Poll: Voters View Inflation as Bigger Issue than Coronavirus
American voters view inflation as a bigger issue than the Chinese coronavirus, a NewsNation survey released this week found.
The survey asked respondents, “Which do you think is a bigger problem facing the United States today: Inflation, unemployment, or COVID-19?”
A plurality of voters, 45.4 percent, said they view inflation as a bigger problem in the U.S., while 40.9 percent said the coronavirus; the difference between the two responses falls outside of that specific question’s +/- 3 percent margin of error. Another 13.5 percent said unemployment is the biggest issue, meaning a combined majority of Americans view issues such as inflation and jobs as bigger issues than the coronavirus.
The poll came prior to the Supreme Court dealing a devastating blow to President Biden’s Occupational Safety and Health Administration (OSHA) vaccine mandate, striking it down in a 6-3 vote. However, the Court upheld Biden’s Centers for Medicare & Medicaid Services (CMS) vaccine mandate 5-4, “although it explicitly acknowledged that the CMS mandate exempts employees who object to the vaccine for religious or medical reasons,” as Breitbart News reported. Notably, Biden’s ratings on his handling of the pandemic have been dropping exponentially over the past few months, particularly after he announced the ill-fated vaccine mandate, which would have affected roughly 84 million American workers, in an angry, divisive speech in September.

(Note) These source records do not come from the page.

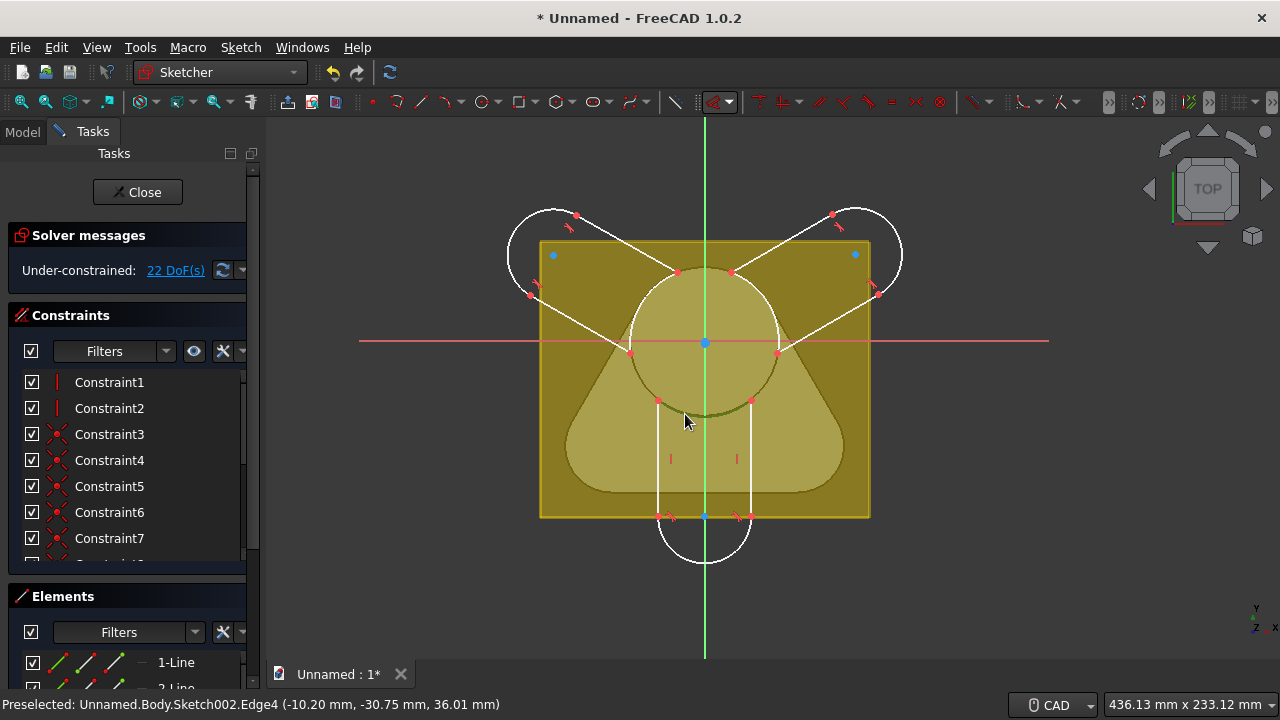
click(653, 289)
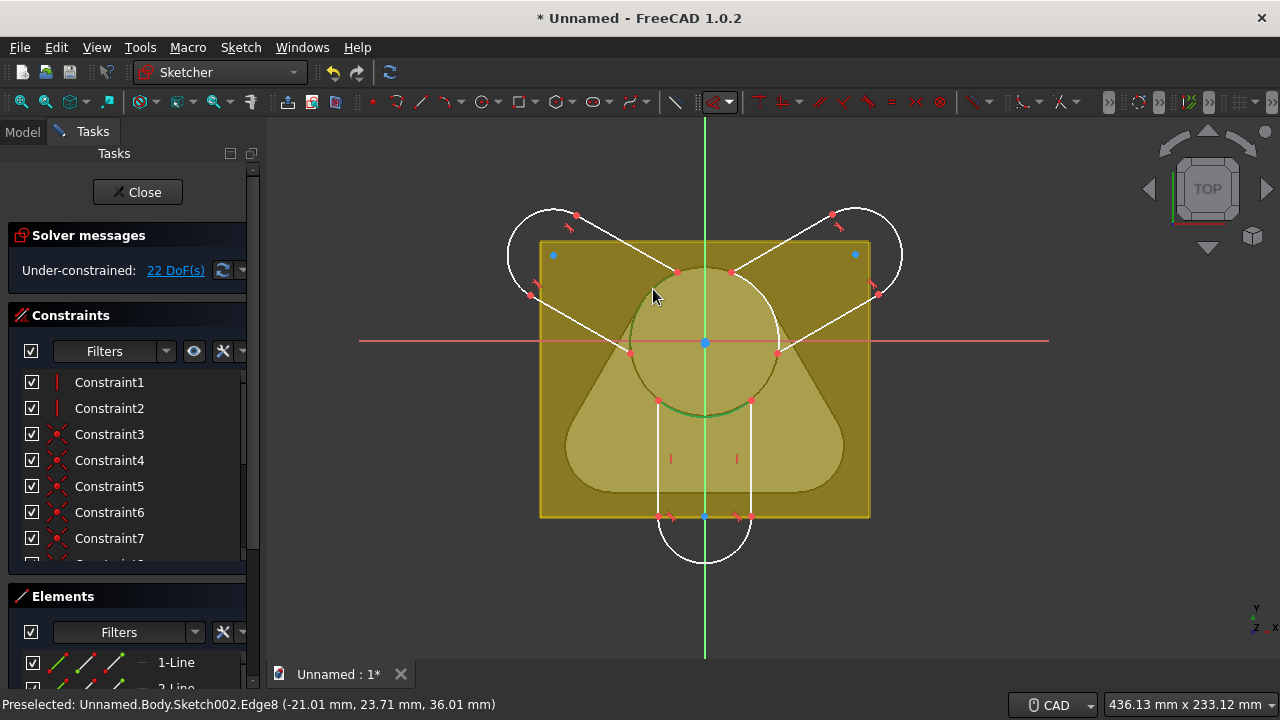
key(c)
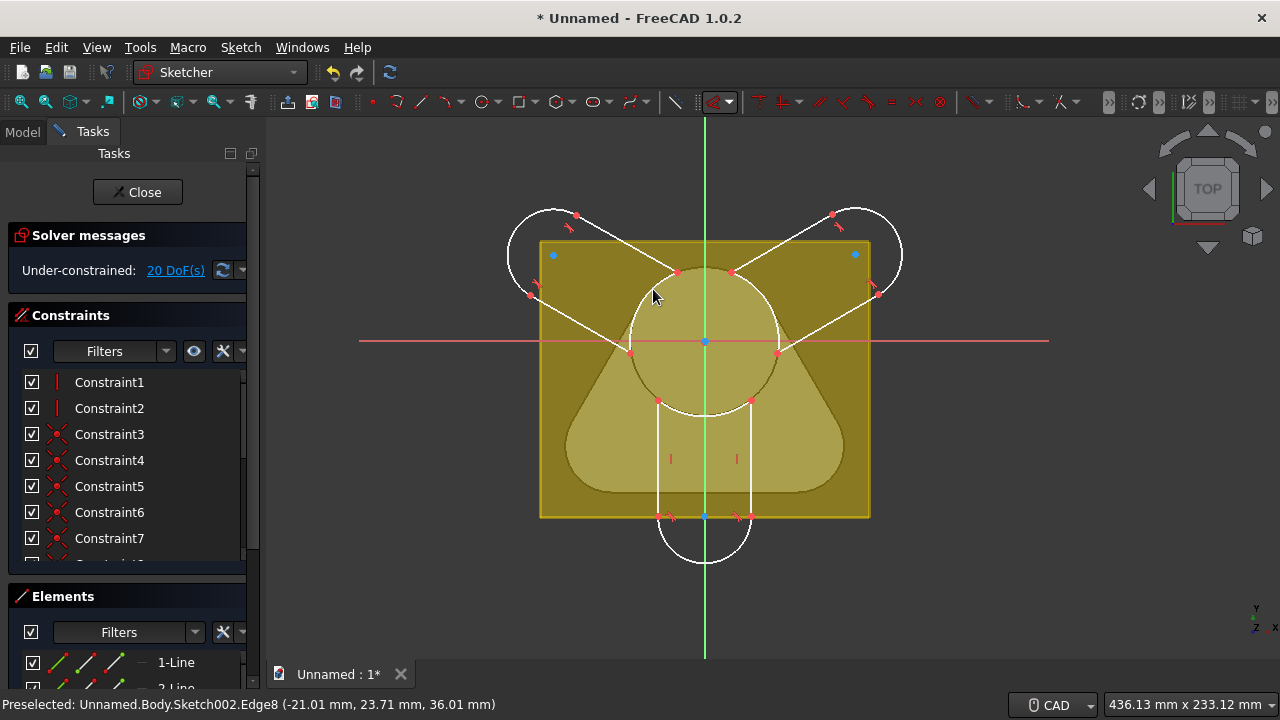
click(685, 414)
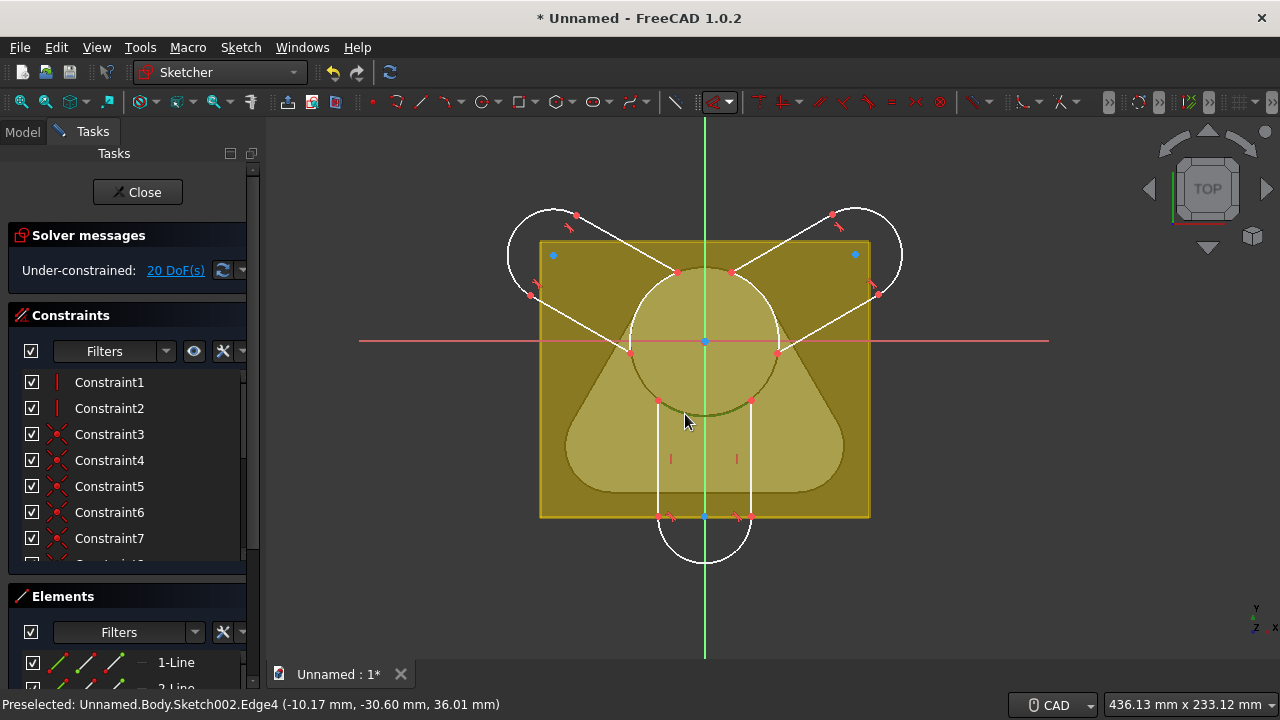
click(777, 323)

While continuing to face government mandates, Americans have also continued to feel the sting of inflation, as retail sales in the U.S. “declined sharply” in December, “indicating that the worst inflation in decades is hitting consumers harder than analysts expected,” as Breitbart News detailed:
Total retail sales dropped 1.9 percent in December, typically a month of robust holiday shopping, Commerce Department data showed Friday. The figures are not adjusted for inflation, suggesting that price-adjusted purchases were even weaker. The Consumer Price Index rose 0.5 percent in December.
The results were far worse than analysts expected. The median estimate by analysts was for sales to be flat to down just one-tenth of a percentage point.
The survey, taken this week among over 1,000 registered voters, has a margin of error of +/- 3.1 percent.